Rumblings within China over President Xi’s ‘wolf warrior’ diplomacy | Analysis
President Xi Jinping’s faction within the Communist Party of China has to contend with leaders from the rival group who joined the party from its youth organisation, CYL.
President Xi Jinping’s elaborate exercise to pick up a fight with everyone to divert attention from domestic troubles is reaching a point of diminishing returns with a global pushback against Beijing and rumblings within the Communist Party of China over his ‘wolf warrior diplomacy’, a weakening economy and the twin shock of coronavirus and floods.
Cai Xia, the former professor at the Central Party School of Beijing that Xi headed till he became President in 2012, was expelled this week after an online recording of her criticism of President Xi’s policies leaked online. In this, she described President Xi as a “mafia boss” and accused him of provoking conflict with other countries such as India to divert the attention of the Chinese public from domestic economic and social tensions. In an interview with the Guardian, she went further, blaming President Xi for “killing a party and a country” and turning China into “an enemy” of the world.

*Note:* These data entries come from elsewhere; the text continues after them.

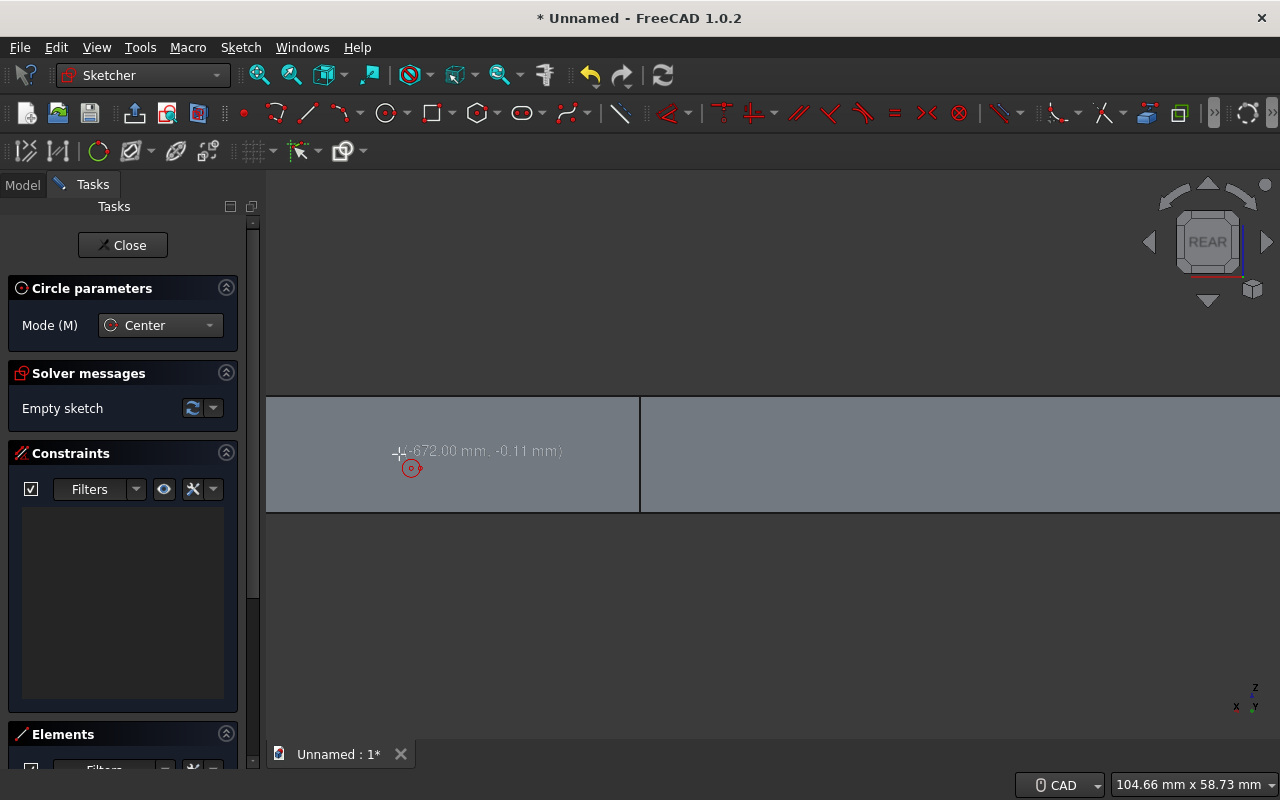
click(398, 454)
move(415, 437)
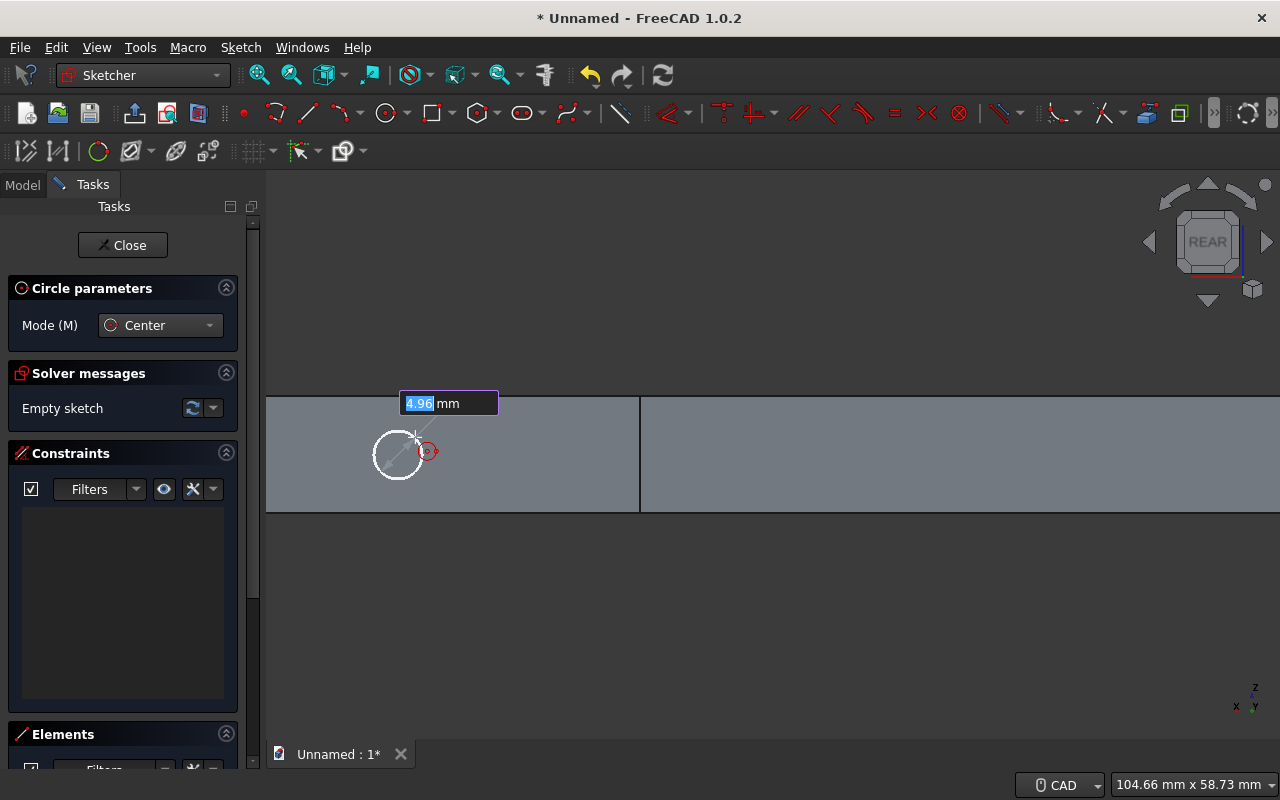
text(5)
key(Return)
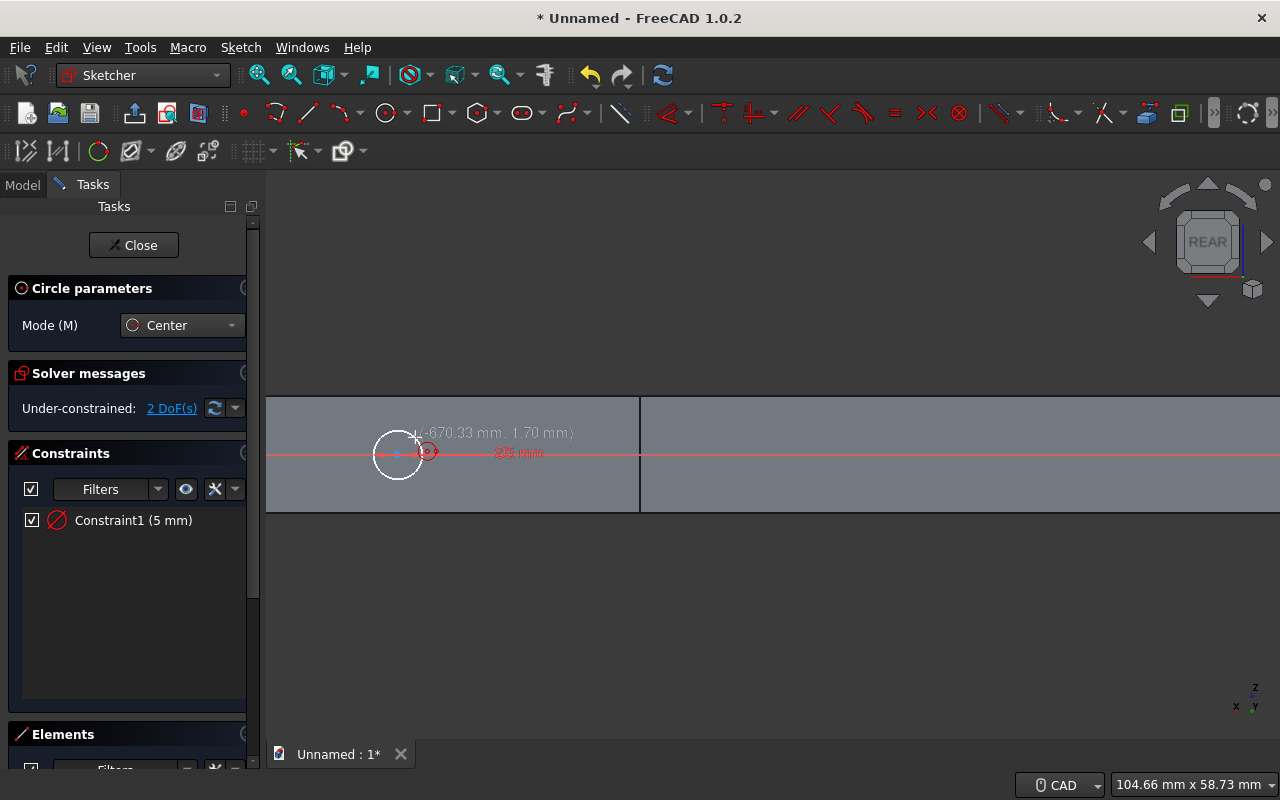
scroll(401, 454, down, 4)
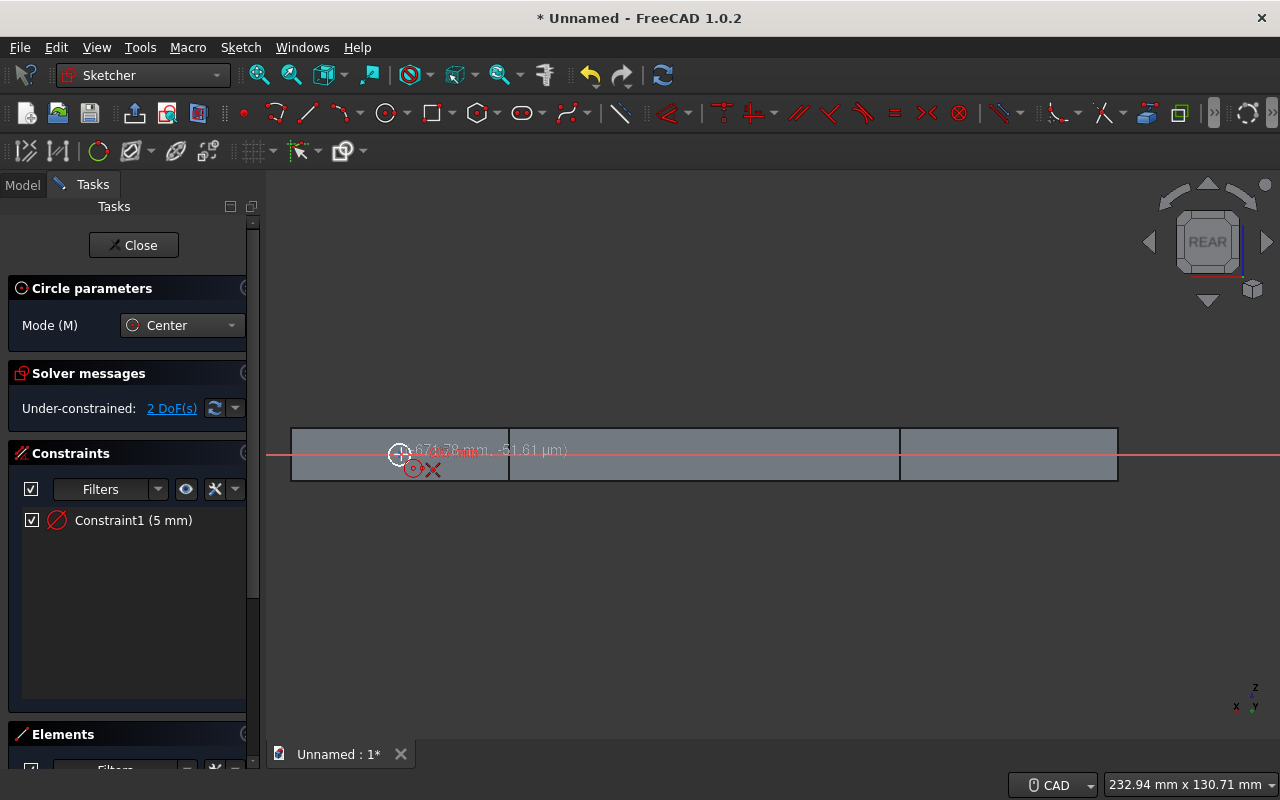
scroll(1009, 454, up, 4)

There had been a handful of other vocal liberal voices too such as the law professor Xu Zhangrun and property developer Ren Zhiqiang, promptly axed after they criticised Xi or his handling of the coronavirus. Ren now also faces an investigation on corruption charges. Cai has suggested there were others in China’s communist party waiting for the tide to turn.
Xi’s party has also bolstered its counter-campaign, asking party cadres and the people to back the President. Xi has also had meetings with business leaders for a pep talk in the face of the pressure from major economies attempting to barricade Chinese firms.
Like with India, China has attempted to nudge countries - even rivals - of going for a compartalised approach that would let businesses in China continue as usual even as President Xi ‘wolf warrior diplomacy’ approach tries to squeeze them. That approach hasn’t worked, with India or any other country.
India has blocked nearly 100 mobile apps linked to China, started the review of pacts with its universities, locked out Chinese companies from getting government contracts and cancelled bids where they stood a chance. Besides other steps, United States President Donald Trump has already signed off on an executive order to ban short video-sharing app TikTok and messenger app WeChat, citing India’s decision to purge the two applications. The US restriction on the transactions will kick in mid-September.
Soldiers of the People’s Liberation Army have been parked at India’s doorstep in the East Ladakh sector for over 100 days and Beijing has, despite more than a dozen rounds of discussions at military and diplomatic levels, shown no signs of stepping back. Weeks after the two sides stumbled into a bloody clash on 15 June, the two sides had agreed to completely disengage at the friction points and then de-escalate.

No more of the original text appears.